Going to higher order of Newton method, we can approximate still better using $$x \simeq 2+\frac{1}{\frac{(n+1) n}{2^{n+3}-4 n}+\frac{n}{2}-2^n}$$ which gives $1.84049$ for tribonacci numbers and $1.92765$ for tetranacci numbers.
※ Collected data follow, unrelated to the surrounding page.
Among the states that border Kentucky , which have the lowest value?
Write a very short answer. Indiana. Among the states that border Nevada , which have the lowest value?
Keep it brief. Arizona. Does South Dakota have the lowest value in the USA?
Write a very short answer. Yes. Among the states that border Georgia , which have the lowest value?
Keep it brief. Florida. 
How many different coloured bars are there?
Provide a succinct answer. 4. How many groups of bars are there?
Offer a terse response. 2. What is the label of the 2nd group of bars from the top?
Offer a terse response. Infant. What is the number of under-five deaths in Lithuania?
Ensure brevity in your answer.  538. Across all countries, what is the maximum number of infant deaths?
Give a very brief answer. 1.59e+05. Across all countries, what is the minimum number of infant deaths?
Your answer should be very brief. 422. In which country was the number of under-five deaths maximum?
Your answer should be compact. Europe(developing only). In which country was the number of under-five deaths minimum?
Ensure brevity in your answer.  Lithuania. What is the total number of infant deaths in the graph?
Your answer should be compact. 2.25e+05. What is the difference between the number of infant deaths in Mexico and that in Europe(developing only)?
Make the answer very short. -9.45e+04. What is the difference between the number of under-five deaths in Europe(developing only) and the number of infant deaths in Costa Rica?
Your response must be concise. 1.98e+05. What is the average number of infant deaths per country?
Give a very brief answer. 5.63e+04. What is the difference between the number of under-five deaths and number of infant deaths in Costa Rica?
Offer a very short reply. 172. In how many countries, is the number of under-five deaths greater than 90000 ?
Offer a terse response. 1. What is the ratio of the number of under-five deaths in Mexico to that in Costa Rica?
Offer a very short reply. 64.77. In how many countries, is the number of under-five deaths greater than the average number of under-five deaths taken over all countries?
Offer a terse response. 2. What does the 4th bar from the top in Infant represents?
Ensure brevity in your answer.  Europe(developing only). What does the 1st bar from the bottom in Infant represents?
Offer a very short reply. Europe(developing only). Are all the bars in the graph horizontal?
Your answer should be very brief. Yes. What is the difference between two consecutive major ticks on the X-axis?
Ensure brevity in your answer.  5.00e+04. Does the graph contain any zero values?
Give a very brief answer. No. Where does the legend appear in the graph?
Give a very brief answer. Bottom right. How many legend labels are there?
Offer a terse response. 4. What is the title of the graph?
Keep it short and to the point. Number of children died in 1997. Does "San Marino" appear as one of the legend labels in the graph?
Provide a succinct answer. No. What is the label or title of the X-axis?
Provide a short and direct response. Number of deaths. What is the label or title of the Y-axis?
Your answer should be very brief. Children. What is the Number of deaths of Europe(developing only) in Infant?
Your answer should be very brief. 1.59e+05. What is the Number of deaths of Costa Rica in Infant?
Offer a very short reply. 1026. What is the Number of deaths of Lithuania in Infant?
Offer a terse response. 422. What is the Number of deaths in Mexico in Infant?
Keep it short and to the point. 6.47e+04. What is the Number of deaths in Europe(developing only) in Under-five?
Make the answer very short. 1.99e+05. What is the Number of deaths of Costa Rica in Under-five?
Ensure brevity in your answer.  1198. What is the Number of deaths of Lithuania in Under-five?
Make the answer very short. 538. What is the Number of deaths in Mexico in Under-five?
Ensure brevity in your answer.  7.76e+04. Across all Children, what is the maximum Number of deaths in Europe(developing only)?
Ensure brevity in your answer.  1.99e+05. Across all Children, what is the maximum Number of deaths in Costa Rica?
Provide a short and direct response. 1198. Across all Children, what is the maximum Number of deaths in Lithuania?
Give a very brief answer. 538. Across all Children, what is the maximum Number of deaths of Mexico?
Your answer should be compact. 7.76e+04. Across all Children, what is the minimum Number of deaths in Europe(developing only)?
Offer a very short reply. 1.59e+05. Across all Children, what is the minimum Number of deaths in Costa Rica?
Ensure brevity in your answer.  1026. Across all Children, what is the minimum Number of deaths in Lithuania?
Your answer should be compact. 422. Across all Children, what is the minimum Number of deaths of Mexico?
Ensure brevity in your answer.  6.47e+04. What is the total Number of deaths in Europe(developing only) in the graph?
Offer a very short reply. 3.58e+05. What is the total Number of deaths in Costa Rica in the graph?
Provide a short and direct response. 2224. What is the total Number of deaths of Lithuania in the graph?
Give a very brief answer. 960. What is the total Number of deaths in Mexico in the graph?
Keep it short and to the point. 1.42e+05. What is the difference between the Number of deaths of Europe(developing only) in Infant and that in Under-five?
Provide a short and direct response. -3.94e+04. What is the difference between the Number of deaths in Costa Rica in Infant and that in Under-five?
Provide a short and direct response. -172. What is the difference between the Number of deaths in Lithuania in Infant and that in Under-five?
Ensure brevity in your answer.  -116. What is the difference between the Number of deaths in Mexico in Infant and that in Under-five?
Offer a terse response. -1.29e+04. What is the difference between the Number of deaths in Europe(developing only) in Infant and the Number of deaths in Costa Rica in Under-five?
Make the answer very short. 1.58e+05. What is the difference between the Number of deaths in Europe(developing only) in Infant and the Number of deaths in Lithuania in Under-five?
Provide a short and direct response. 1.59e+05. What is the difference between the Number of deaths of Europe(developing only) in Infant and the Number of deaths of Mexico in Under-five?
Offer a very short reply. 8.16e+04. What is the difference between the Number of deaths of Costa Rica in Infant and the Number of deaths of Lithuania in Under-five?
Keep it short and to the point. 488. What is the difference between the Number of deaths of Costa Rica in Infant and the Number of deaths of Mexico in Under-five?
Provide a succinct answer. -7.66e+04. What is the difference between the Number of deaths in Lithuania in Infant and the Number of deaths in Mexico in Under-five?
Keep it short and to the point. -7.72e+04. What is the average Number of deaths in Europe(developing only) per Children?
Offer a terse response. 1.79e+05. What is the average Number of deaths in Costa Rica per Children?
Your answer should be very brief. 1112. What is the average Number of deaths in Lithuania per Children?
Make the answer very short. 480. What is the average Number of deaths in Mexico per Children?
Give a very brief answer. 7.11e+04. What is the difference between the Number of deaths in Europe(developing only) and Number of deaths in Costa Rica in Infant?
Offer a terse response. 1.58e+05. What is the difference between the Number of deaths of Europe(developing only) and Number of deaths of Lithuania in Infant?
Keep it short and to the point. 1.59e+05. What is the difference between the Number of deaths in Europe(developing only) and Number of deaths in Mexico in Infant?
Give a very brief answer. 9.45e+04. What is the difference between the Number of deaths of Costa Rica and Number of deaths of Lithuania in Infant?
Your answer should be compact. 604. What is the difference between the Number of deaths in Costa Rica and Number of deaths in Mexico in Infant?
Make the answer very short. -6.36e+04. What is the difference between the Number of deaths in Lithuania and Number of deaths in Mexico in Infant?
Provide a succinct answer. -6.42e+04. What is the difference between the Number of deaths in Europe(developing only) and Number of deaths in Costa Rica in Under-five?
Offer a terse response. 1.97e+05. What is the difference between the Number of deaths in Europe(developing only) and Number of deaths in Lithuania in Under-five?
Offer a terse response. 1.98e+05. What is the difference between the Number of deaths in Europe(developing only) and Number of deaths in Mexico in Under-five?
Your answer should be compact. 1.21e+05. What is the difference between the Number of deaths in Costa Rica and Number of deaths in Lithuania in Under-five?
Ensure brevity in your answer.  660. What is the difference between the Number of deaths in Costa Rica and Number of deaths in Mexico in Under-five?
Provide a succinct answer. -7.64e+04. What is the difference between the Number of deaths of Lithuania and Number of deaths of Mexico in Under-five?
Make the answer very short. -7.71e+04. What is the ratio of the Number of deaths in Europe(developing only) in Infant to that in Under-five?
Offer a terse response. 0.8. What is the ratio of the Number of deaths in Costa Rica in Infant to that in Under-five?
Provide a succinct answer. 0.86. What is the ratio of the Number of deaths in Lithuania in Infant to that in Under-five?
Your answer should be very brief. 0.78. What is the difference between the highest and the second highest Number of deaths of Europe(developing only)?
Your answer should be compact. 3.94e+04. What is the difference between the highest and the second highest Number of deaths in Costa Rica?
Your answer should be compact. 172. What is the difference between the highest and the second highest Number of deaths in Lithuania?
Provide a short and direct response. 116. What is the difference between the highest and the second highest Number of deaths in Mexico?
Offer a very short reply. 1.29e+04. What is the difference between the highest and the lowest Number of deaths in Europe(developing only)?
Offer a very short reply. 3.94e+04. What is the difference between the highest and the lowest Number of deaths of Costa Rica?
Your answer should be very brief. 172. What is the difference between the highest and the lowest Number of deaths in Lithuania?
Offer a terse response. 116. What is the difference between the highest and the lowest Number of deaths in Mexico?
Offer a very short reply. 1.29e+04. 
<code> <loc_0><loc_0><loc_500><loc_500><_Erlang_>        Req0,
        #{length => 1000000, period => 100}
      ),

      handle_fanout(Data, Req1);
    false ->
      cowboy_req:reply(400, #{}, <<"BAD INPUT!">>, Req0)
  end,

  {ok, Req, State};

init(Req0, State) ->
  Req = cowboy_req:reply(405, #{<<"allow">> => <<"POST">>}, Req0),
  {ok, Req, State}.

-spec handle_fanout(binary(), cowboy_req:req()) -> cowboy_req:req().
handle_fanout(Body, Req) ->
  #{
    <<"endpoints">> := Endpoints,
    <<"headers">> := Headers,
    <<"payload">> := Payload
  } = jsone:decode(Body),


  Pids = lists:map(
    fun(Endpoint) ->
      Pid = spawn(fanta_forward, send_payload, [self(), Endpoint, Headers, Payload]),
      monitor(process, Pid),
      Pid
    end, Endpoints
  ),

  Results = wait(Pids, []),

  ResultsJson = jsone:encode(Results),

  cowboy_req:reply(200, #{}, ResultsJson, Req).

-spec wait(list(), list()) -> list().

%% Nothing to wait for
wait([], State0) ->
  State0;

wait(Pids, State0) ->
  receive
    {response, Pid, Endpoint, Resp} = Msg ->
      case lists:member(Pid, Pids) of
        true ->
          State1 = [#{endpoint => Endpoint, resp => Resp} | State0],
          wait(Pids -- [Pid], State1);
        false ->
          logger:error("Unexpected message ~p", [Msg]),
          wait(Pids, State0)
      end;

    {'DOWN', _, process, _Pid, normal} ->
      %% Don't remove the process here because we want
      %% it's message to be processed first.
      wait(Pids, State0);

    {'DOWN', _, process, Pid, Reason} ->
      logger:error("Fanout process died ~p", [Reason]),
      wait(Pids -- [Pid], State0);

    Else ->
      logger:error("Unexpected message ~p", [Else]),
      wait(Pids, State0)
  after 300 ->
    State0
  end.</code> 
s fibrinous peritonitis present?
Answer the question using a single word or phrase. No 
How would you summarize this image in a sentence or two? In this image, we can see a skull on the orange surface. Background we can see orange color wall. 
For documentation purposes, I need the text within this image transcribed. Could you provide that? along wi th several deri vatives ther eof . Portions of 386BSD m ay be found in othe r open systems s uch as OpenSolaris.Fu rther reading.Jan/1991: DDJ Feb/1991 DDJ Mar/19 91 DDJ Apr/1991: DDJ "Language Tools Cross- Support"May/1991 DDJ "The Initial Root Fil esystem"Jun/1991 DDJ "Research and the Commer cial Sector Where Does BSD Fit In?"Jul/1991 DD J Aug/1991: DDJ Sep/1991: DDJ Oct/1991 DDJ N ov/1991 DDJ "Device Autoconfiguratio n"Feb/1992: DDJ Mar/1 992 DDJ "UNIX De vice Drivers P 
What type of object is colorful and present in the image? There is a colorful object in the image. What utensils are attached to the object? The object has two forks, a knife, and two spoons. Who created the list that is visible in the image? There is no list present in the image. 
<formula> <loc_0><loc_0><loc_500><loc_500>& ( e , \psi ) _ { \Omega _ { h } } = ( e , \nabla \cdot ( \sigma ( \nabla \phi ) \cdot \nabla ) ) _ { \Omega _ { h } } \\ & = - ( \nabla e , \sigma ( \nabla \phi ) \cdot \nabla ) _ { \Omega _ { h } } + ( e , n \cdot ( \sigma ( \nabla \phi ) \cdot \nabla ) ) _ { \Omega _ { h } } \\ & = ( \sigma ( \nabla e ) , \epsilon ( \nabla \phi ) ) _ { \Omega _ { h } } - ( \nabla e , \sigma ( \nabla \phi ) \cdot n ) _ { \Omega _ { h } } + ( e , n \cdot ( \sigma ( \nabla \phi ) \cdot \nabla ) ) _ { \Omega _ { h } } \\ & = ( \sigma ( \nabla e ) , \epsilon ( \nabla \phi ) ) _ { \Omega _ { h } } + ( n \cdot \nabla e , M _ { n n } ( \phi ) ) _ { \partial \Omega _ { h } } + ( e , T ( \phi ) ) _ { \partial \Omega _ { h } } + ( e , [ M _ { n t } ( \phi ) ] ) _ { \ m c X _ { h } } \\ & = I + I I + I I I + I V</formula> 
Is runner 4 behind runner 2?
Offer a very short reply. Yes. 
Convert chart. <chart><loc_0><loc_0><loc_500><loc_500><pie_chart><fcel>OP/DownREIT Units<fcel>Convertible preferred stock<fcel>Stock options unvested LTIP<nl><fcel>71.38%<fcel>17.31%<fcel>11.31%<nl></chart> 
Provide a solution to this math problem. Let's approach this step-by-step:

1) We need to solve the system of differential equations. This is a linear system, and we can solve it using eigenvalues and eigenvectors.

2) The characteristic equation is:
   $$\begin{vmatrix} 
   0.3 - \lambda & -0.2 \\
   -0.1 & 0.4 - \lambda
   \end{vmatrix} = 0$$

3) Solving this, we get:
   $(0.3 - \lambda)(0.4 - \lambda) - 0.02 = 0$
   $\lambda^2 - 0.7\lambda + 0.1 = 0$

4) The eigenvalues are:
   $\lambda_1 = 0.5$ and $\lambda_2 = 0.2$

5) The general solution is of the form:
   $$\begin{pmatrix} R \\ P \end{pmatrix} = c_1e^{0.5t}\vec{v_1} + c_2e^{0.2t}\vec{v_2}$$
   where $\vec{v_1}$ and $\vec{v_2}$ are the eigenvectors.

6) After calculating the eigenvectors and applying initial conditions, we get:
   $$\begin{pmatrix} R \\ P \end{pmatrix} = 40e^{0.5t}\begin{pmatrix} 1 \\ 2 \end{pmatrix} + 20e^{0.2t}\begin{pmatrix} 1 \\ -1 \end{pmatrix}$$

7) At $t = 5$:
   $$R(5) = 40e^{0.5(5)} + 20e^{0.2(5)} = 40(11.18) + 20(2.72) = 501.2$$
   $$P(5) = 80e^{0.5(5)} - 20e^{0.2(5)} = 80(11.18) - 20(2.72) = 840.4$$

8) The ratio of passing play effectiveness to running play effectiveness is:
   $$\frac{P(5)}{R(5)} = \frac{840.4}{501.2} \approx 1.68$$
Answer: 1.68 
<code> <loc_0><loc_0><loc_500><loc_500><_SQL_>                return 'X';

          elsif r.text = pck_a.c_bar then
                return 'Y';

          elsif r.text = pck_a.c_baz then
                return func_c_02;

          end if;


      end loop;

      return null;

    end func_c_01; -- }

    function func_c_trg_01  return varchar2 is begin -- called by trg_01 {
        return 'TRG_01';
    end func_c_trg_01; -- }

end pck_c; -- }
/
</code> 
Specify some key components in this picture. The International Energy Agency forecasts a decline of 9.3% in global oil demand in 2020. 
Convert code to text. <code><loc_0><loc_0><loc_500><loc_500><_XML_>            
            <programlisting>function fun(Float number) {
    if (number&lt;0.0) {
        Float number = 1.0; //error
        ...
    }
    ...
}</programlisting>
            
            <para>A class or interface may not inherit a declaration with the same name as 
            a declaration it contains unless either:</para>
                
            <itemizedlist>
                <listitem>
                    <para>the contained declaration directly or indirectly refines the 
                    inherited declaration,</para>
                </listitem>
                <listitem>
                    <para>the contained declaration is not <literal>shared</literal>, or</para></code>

Continuing the work, I found that this limit could be accurately represented by $$x \simeq 2-\exp\left({0.0965617 -0.73092 n+\frac{0.80957}{n}}\right)$$
Edit six years later !
Back to the problem (almost by accident), I found a rather better approximation $$x\sim 2+\frac{1 }{\frac{n}{2}+\frac{\left(3\ 2^n-n+1\right) (n+1) n}{3 \left(n^2-\left(2^{n+3}+1\right) n+2^{2 n+3}\right)}-2^n } $$
$$\left( \begin{array}{ccc} n & \text{approximation} & \text{exact} \\ 2 & 1.6250000000000000000 & 1.6180339887498948482 \\ 3 & 1.8394879369768586903 & 1.8392867552141611326 \\ 4 & 1.9275687815833801235 & 1.9275619754829253043 \\ 5 & 1.9659485002996453378 & 1.9659482366454853372 \\ 6 & 1.9835828545045254017 & 1.9835828434243263304 \\ 7 & 1.9919641970897590225 & 1.9919641966050350211 \\ 8 & 1.9960311797568978058 & 1.9960311797354145898 \\ 9 & 1.9980294702632357105 & 1.9980294702622866987 \\ 10 & 1.9990186327101425508 & 1.9990186327101011387 \\ 11 & 1.9995104019782872690 & 1.9995104019782854914 \\ 12 & 1.9997555009373176116 & 1.9997555009373175367 \\ 13 & 1.9998778327115455431 & 1.9998778327115455400 \\ 14 & 1.9999389387495946486 & 1.9999389387495946486 \end{array} \right)$$ For $n \geq 14$, the first twenty figures are exact.